Retype each entry below precisely as it reads.

___ EXTRACTED DATA ___

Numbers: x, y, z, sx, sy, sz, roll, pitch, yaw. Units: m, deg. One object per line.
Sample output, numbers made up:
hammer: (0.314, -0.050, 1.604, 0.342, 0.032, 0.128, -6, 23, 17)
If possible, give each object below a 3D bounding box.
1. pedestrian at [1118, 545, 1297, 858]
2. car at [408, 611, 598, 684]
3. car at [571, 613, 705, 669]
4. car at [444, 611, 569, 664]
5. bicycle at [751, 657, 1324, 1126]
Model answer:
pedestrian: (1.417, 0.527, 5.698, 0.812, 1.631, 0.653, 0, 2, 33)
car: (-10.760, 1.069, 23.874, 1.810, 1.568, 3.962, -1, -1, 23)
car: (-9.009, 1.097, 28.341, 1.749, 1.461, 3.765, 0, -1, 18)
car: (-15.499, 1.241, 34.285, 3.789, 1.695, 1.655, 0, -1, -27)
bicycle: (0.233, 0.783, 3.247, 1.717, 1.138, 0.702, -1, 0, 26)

___

ANSWER TO THIS PROBLEM =
Numbers: x, y, z, sx, sy, sz, roll, pitch, yaw. Units: m, deg. One object per line.
Sample output, numbers made up:
hammer: (0.314, -0.050, 1.604, 0.342, 0.032, 0.128, -6, 23, 17)
If possible, give each object below a 3D bounding box.
1. pedestrian at [1118, 545, 1297, 858]
2. car at [408, 611, 598, 684]
3. car at [571, 613, 705, 669]
4. car at [444, 611, 569, 664]
5. bicycle at [751, 657, 1324, 1126]
Model answer:
pedestrian: (1.417, 0.527, 5.698, 0.812, 1.631, 0.653, 0, 2, 33)
car: (-10.760, 1.069, 23.874, 1.810, 1.568, 3.962, -1, -1, 23)
car: (-9.009, 1.097, 28.341, 1.749, 1.461, 3.765, 0, -1, 18)
car: (-15.499, 1.241, 34.285, 3.789, 1.695, 1.655, 0, -1, -27)
bicycle: (0.233, 0.783, 3.247, 1.717, 1.138, 0.702, -1, 0, 26)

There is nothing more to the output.